[Opening MATERIAL PROVIDED section]

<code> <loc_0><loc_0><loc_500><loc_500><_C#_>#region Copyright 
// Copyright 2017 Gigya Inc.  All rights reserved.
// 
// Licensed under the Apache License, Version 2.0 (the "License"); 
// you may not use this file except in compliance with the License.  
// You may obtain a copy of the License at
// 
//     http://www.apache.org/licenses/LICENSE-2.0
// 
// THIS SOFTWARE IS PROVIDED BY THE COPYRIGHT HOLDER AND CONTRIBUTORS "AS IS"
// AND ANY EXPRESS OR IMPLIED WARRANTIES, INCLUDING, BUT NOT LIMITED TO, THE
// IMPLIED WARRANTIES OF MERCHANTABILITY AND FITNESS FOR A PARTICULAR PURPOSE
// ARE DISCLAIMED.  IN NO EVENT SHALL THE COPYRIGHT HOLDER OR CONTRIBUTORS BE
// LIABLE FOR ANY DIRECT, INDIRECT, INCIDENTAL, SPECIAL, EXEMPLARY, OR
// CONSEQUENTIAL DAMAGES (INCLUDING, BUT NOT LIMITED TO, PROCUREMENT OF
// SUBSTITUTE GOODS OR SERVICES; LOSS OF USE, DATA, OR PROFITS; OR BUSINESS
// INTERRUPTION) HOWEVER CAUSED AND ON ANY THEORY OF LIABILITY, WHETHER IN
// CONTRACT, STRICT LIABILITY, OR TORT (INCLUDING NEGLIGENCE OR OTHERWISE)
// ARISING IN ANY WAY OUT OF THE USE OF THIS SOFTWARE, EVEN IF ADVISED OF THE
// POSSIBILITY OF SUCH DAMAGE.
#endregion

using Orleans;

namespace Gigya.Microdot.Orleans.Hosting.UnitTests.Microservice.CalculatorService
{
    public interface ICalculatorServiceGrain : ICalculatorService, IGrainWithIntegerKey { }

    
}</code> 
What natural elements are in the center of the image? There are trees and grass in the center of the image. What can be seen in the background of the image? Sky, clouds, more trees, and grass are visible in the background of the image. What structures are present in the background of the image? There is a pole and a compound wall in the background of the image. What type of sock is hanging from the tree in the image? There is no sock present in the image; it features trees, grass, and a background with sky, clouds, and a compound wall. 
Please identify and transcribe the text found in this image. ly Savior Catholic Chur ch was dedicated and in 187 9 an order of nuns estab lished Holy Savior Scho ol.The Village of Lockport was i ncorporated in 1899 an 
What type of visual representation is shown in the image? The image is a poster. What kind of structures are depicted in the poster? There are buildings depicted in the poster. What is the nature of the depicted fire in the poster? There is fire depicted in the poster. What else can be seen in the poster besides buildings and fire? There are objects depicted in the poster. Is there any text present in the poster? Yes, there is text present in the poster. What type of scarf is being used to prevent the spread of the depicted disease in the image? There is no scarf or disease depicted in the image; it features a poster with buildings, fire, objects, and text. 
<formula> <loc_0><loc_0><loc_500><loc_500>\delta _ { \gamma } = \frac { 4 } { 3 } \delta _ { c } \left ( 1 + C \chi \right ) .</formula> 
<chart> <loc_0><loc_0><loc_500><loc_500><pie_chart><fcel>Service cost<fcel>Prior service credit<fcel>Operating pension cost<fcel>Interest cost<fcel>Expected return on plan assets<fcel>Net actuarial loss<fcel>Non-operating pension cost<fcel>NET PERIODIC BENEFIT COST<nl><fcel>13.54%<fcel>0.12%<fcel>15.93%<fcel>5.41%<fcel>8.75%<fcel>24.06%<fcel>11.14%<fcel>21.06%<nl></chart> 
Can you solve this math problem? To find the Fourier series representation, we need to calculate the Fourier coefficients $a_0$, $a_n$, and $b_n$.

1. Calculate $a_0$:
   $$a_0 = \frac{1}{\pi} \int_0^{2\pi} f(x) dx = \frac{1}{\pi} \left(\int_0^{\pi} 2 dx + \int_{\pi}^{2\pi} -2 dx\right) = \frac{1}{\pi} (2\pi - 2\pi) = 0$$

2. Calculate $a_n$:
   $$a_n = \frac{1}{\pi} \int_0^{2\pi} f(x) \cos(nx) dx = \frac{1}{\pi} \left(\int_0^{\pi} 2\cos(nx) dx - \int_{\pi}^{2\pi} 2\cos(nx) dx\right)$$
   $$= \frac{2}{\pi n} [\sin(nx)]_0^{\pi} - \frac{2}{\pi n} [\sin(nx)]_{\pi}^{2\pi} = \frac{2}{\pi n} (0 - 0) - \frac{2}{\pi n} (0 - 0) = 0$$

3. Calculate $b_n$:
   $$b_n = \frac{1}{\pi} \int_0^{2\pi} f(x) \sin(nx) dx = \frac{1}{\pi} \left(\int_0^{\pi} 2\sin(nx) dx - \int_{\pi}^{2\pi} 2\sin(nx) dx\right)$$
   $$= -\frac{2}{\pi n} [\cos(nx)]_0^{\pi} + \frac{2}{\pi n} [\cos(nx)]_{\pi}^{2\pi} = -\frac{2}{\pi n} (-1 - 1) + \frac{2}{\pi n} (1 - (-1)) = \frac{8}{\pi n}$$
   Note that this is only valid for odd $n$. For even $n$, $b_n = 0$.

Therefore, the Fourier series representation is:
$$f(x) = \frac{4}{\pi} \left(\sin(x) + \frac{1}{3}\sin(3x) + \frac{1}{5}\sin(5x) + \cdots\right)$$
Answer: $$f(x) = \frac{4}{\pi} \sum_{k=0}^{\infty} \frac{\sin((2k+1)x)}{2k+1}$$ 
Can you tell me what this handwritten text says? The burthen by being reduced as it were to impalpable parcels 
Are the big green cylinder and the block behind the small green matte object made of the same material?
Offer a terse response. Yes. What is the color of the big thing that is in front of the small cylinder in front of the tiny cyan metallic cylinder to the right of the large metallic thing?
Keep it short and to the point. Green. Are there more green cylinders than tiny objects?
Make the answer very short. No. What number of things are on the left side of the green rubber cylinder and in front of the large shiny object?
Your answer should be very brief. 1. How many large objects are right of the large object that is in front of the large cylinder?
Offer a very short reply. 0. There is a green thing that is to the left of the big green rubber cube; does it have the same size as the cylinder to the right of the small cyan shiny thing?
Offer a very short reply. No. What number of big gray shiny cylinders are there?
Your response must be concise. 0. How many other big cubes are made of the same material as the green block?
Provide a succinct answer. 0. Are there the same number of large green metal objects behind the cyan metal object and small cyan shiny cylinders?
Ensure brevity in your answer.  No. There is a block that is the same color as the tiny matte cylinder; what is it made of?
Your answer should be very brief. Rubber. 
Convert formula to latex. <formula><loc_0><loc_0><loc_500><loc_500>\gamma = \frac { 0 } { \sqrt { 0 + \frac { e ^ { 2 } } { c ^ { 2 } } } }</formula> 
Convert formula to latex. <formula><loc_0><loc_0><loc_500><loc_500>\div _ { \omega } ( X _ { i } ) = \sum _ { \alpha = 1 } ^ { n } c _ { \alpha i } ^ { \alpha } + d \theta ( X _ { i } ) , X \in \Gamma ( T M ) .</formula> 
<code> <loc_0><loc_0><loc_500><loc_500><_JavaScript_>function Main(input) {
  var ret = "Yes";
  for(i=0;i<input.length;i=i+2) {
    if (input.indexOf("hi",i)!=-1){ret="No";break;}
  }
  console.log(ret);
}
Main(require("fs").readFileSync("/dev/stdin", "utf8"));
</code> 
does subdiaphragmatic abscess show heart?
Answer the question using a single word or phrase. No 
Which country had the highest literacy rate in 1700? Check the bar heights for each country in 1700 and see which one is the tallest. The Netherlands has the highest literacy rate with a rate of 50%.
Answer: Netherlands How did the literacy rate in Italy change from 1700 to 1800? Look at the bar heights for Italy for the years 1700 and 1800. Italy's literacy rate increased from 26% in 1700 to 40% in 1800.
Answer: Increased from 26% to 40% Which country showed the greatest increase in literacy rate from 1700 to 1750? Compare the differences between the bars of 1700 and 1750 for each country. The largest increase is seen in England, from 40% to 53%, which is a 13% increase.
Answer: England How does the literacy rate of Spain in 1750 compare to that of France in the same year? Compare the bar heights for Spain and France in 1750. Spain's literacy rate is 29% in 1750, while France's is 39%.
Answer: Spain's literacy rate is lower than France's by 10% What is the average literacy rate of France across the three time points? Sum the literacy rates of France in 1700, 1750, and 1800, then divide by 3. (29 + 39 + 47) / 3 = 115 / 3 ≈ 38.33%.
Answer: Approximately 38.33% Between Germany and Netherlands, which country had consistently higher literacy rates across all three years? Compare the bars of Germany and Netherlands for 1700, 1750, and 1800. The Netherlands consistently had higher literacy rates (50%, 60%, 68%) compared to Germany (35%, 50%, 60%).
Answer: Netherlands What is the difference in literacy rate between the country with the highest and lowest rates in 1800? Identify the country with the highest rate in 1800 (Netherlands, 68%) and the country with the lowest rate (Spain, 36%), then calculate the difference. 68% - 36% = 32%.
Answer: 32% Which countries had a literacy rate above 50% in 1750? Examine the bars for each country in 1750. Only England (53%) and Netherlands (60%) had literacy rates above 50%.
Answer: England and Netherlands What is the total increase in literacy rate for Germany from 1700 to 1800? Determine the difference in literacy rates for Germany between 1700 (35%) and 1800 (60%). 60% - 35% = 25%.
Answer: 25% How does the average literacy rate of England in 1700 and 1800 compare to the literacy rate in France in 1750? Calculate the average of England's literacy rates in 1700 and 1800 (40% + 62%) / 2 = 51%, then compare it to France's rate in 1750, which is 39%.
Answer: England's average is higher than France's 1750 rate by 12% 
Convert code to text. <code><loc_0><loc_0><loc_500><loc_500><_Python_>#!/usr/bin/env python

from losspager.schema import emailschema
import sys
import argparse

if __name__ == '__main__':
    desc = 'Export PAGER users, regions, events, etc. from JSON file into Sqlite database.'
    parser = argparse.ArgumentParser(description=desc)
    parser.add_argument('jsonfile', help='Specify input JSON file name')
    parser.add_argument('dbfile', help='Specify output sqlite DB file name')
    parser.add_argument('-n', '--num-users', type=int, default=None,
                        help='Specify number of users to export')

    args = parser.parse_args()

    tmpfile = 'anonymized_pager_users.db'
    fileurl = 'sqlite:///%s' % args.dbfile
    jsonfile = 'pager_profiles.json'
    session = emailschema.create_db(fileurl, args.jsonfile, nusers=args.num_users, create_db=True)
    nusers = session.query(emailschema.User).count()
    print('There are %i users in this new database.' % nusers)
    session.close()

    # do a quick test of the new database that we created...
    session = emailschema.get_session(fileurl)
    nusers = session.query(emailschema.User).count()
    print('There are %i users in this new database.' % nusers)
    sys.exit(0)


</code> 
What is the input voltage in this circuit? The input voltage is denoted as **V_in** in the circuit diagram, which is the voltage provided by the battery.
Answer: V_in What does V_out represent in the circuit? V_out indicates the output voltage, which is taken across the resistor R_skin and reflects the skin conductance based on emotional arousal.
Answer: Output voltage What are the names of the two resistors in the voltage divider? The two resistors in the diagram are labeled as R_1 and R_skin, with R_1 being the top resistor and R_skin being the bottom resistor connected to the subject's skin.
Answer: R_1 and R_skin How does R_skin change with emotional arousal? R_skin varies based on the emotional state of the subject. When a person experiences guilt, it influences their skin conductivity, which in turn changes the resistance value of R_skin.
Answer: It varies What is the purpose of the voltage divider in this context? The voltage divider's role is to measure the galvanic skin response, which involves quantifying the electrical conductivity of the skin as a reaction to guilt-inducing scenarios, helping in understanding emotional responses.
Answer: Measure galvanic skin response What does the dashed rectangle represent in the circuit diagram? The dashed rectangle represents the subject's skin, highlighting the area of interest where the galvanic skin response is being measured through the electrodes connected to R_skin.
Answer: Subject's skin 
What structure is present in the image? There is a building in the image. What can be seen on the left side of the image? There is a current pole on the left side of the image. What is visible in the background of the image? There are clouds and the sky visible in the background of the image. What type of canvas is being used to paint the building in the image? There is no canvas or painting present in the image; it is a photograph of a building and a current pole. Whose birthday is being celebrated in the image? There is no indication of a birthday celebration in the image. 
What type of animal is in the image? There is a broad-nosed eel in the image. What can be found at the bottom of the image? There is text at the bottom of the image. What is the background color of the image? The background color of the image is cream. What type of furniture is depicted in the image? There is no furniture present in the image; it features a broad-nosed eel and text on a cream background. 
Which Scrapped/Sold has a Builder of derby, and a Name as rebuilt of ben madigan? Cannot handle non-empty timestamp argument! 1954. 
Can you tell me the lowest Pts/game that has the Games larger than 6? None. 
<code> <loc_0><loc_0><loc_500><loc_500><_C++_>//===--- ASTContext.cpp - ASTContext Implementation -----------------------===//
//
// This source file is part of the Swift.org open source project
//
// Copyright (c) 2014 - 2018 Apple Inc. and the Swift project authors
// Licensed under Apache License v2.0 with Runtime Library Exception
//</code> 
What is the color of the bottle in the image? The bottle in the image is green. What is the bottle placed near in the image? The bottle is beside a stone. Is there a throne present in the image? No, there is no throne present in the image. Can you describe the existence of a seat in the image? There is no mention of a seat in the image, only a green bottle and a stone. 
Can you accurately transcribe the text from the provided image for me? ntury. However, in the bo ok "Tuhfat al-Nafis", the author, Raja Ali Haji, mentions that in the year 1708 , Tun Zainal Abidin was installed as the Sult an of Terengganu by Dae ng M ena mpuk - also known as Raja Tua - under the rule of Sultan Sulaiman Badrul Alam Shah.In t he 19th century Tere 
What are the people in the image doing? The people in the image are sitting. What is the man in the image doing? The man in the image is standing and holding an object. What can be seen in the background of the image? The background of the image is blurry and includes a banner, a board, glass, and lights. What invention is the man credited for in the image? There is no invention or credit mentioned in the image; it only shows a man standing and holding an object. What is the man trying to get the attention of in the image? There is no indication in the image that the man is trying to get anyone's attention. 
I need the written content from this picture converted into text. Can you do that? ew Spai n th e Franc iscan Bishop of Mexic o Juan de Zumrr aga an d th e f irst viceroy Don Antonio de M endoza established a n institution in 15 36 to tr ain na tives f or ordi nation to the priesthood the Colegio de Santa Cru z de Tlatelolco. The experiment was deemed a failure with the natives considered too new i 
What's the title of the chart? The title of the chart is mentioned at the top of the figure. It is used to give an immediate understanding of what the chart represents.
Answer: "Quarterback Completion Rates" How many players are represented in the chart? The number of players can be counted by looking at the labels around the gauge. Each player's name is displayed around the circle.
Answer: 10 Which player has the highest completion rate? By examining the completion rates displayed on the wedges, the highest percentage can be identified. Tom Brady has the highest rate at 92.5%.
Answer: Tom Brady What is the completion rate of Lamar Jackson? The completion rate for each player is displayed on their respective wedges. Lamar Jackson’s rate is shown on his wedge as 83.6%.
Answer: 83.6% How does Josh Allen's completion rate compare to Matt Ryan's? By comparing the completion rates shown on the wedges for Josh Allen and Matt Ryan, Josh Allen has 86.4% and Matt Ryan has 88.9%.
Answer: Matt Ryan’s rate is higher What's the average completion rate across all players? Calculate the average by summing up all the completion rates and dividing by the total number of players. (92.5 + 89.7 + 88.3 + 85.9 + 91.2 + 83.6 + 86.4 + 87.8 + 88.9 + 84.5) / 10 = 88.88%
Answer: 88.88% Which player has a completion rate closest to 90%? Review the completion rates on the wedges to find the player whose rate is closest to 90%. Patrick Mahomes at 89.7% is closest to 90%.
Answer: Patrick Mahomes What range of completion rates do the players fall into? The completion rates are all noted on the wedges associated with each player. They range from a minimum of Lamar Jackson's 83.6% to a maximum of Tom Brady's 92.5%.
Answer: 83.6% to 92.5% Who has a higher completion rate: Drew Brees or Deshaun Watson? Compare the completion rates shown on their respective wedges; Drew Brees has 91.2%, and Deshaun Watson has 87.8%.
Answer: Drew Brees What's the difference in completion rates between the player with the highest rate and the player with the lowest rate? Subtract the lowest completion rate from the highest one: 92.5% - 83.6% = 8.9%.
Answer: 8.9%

[Closing MATERIAL PROVIDED section]

Restate word for word only the lines above from the line containing "Therefore, the Fourier" to the line containing "Your response must", both of them included.

#### [ANSWER SPACE]
Therefore, the Fourier series representation is:
$$f(x) = \frac{4}{\pi} \left(\sin(x) + \frac{1}{3}\sin(3x) + \frac{1}{5}\sin(5x) + \cdots\right)$$
Answer: $$f(x) = \frac{4}{\pi} \sum_{k=0}^{\infty} \frac{\sin((2k+1)x)}{2k+1}$$ 
Can you tell me what this handwritten text says? The burthen by being reduced as it were to impalpable parcels 
Are the big green cylinder and the block behind the small green matte object made of the same material?
Offer a terse response. Yes. What is the color of the big thing that is in front of the small cylinder in front of the tiny cyan metallic cylinder to the right of the large metallic thing?
Keep it short and to the point. Green. Are there more green cylinders than tiny objects?
Make the answer very short. No. What number of things are on the left side of the green rubber cylinder and in front of the large shiny object?
Your answer should be very brief. 1. How many large objects are right of the large object that is in front of the large cylinder?
Offer a very short reply. 0. There is a green thing that is to the left of the big green rubber cube; does it have the same size as the cylinder to the right of the small cyan shiny thing?
Offer a very short reply. No. What number of big gray shiny cylinders are there?
Your response must be concise. 0. How many other big cubes are made of the same material as the green block?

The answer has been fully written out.